O futuro do Ocidente está estreitamente ligado ao do mundo não ocidental. As questões ambientais que o mundo enfrenta e o crescimento inexorável do poder económico da China e de outros países asiáticos fazem com que o Ocidente não possa olhar "para o que vem a seguir" da mesma forma que o fazia antes. Mas o desafio é bem mais profundo do que o actual debate sobre o "declínio do Ocidente" sugere. A minha intervenção centrar-se-á no modo como o desafio pós-colonial colocado à perspectiva que o Ocidente tem do mundo e a influência de cidadãos não ocidentais a viver no Ocidente se juntaram para evidenciar os limites daquilo a que posso chamar o racionalismo ocidental - com o que me refiro às teorias que utilizamos para entender e agir sobre o mundo. A incapacidade crescente do pensamento social ocidental para explicar de forma plausível e abordar com êxito algumas das suas questões sociais e económicas, e alguns dos desafios contemporâneos cruciais a nível da política internacional, deixaram a nu a inadequação das ciências sociais do Ocidente à medida que se foram desenvolvendo nos séculos subsequentes ao Iluminismo. Aquilo de que o Ocidente precisa, mas que ainda não aceitou, não é de mais e melhor teoria, mas de uma nova forma de pensar." (...)

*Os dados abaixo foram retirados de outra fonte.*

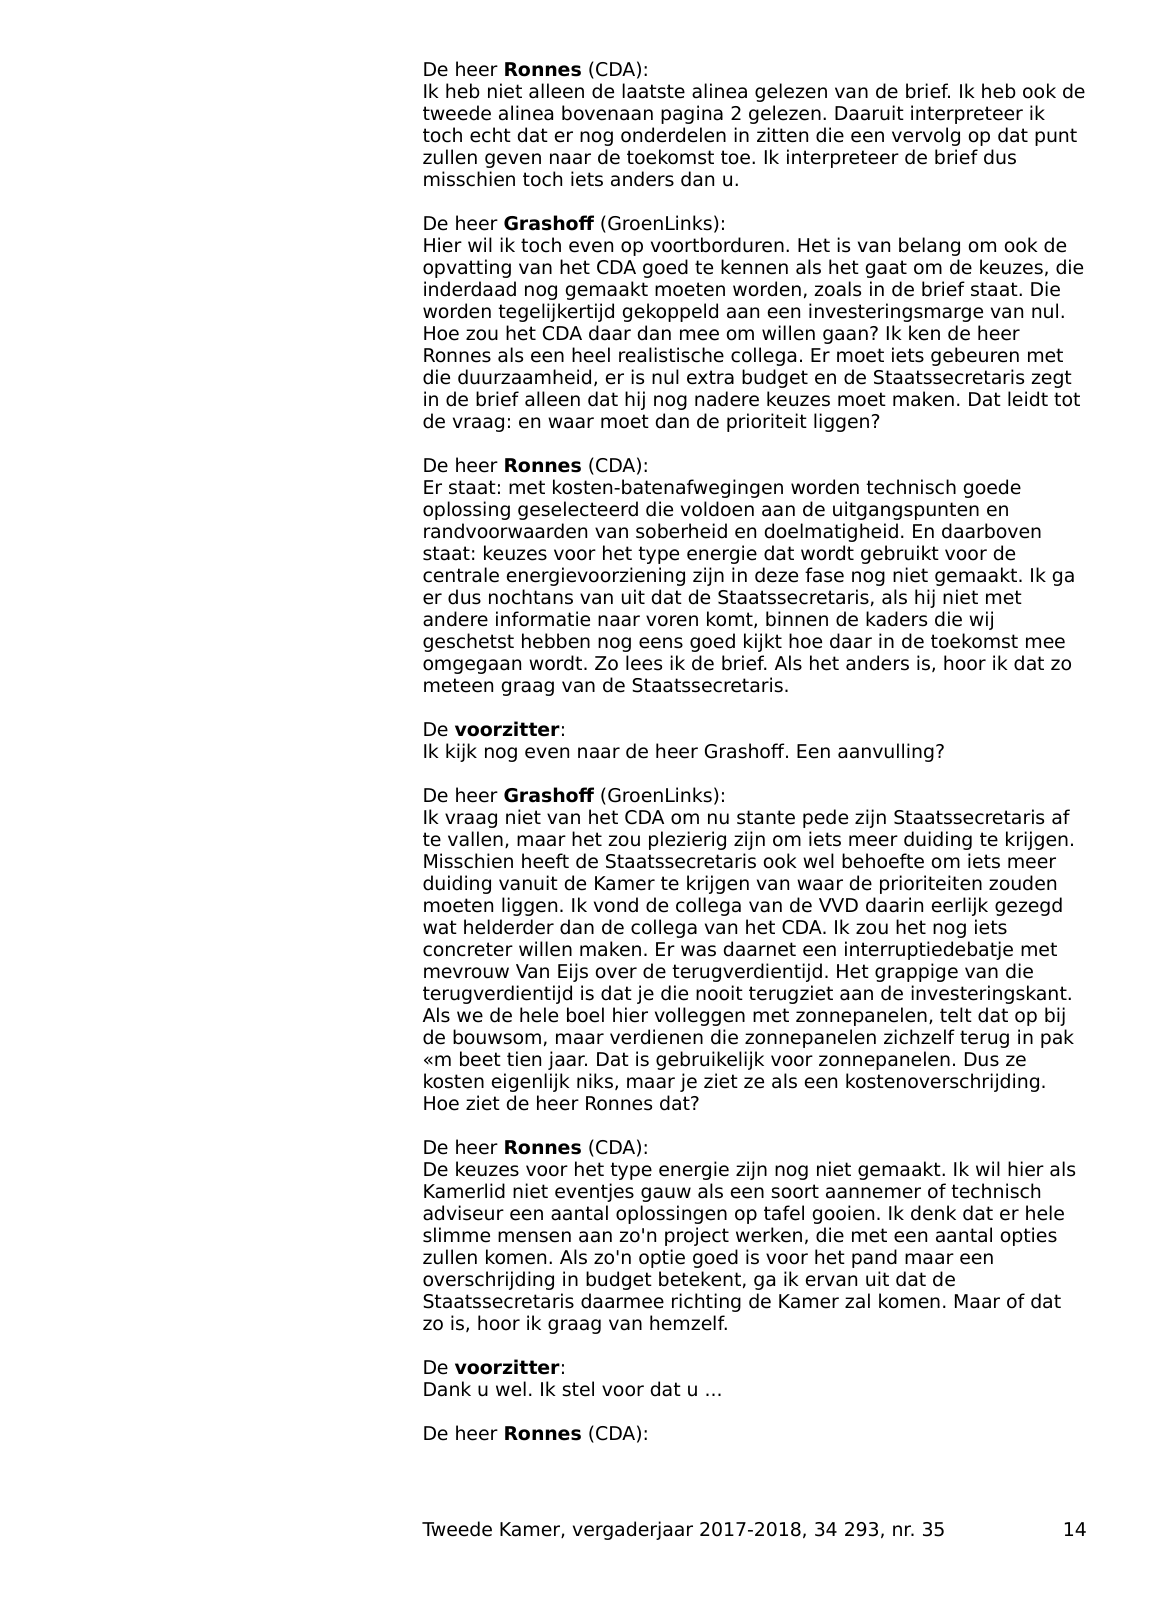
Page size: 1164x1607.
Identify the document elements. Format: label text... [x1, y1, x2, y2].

text De heer Ronnes (CDA): [422, 1137, 1087, 1159]
text Hier wil ik toch even op voortborduren. Het is van belang om ook de opvatting van het CDA goed te kennen als het gaat om de keuzes, die inderdaad nog gemaakt moeten worden, zoals in de brief staat. Die worden tegelijkertijd gekoppeld aan een investeringsmarge van nul. Hoe zou het CDA daar dan mee om willen gaan? Ik ken de heer Ronnes als een heel realistische collega. Er moet iets gebeuren met die duurzaamheid, er is nul extra budget en de Staatssecretaris zegt in de brief alleen dat hij nog nadere keuzes moet maken. Dat leidt tot de vraag: en waar moet dan de prioriteit liggen? [422, 235, 1087, 433]
text De heer Grashoff (GroenLinks): [422, 785, 1087, 807]
text De voorzitter: [422, 719, 1087, 741]
text De heer Ronnes (CDA): [422, 455, 1087, 477]
text Dank u wel. Ik stel voor dat u ... [422, 1379, 1087, 1401]
text Ik heb niet alleen de laatste alinea gelezen van de brief. Ik heb ook de tweede alinea bovenaan pagina 2 gelezen. Daaruit interpreteer ik toch echt dat er nog onderdelen in zitten die een vervolg op dat punt zullen geven naar de toekomst toe. Ik interpreteer de brief dus misschien toch iets anders dan u. [422, 81, 1087, 191]
text Ik vraag niet van het CDA om nu stante pede zijn Staatssecretaris af te vallen, maar het zou plezierig zijn om iets meer duiding te krijgen. Misschien heeft de Staatssecretaris ook wel behoefte om iets meer duiding vanuit de Kamer te krijgen van waar de prioriteiten zouden moeten liggen. Ik vond de collega van de VVD daarin eerlijk gezegd wat helderder dan de collega van het CDA. Ik zou het nog iets concreter willen maken. Er was daarnet een interruptiedebatje met mevrouw Van Eijs over de terugverdientijd. Het grappige van die terugverdientijd is dat je die nooit terugziet aan de investeringskant. Als we de hele boel hier volleggen met zonnepanelen, telt dat op bij de bouwsom, maar verdienen die zonnepanelen zichzelf terug in pak «m beet tien jaar. Dat is gebruikelijk voor zonnepanelen. Dus ze kosten eigenlijk niks, maar je ziet ze als een kostenoverschrijding. Hoe ziet de heer Ronnes dat? [422, 807, 1087, 1115]
text De heer Grashoff (GroenLinks): [422, 213, 1087, 235]
text De heer Ronnes (CDA): [422, 1423, 1087, 1445]
text Ik kijk nog even naar de heer Grashoff. Een aanvulling? [422, 741, 1087, 763]
text Er staat: met kosten-batenafwegingen worden technisch goede oplossing geselecteerd die voldoen aan de uitgangspunten en randvoorwaarden van soberheid en doelmatigheid. En daarboven staat: keuzes voor het type energie dat wordt gebruikt voor de centrale energievoorziening zijn in deze fase nog niet gemaakt. Ik ga er dus nochtans van uit dat de Staatssecretaris, als hij niet met andere informatie naar voren komt, binnen de kaders die wij geschetst hebben nog eens goed kijkt hoe daar in de toekomst mee omgegaan wordt. Zo lees ik de brief. Als het anders is, hoor ik dat zo meteen graag van de Staatssecretaris. [422, 477, 1087, 697]
text De voorzitter: [422, 1357, 1087, 1379]
text De keuzes voor het type energie zijn nog niet gemaakt. Ik wil hier als Kamerlid niet eventjes gauw als een soort aannemer of technisch adviseur een aantal oplossingen op tafel gooien. Ik denk dat er hele slimme mensen aan zo'n project werken, die met een aantal opties zullen komen. Als zo'n optie goed is voor het pand maar een overschrijding in budget betekent, ga ik ervan uit dat de Staatssecretaris daarmee richting de Kamer zal komen. Maar of dat zo is, hoor ik graag van hemzelf. [422, 1159, 1087, 1335]
text De heer Ronnes (CDA): [422, 59, 1087, 81]

http://www.buala.org/pt/da-fala/etiquetas/patrick-chabal

2. Henrique, cinquenta anos depois, parece-me, às vezes, que a gente ainda "reformatou" o disco rígido do computador... LG

Unknown disse...

Meu caro Luis Graça,
Temos de continuar um trabalho de recensão crítica do que se tem dito e escrito sobre a Guiné-Bissau, designadamente de autores que têm escrito em inglês, não só Patrick Chabal, mas também Chilcotte, Basil Davidson e Lars Rudebeck, entre outros e de que, via de regra, se fala pouco. Por outro lado, no Brasil, também se tem publicado alguma coisa e na Internet circulam teses de mestrado e de doutoramento, de interesse e qualidade variáveis, mas indispensáveis para se ter uma fotografia panorâmica do país. Além disso, temos os blogues onde muita coisa tem sido publicada e que constituem referências incontornáveis para os estudiosos, curiosos e amigos da Guiné-Bissau Em suma tudo isto representa uma tarefa em grande parte por fazer e indispensável para se compreender a Guiné-Bissau de hoje, infelizmente a trilhar um caminho assaz turbulento, incerto e extremamente preocupante. Muitos bissau-guineenses têm dificuldade em aceitar as minhas críticas directas e frontais que, no fundo, provém de um amigo, porque o sou. É que os amigos não servem só para os copos e para as pancadinhas no ombro mas para dizer as verdades e estas por vezes são muito incómodas e duras, mas têm de ser ditas. A Guiné-Bissau tem de se reconstruir porque tem de ultrapassar de uma vez por todas esta fase de desagregação total do Estado. Tenho as maiores dúvidas que o consiga, mas não perdi a esperança.
Patrick Chabal afirma que o futuro do Ocidente está estreitamente ligado ao do resto do mundo. Não ponho isso em causa, antes pelo contrário, mas como diz Chabal tem de se congeminar uma nova forma de pensar, ou pegando nas tuas palavras, temos de reformatar o disco. É muito possível que assim seja. Resta saber, como.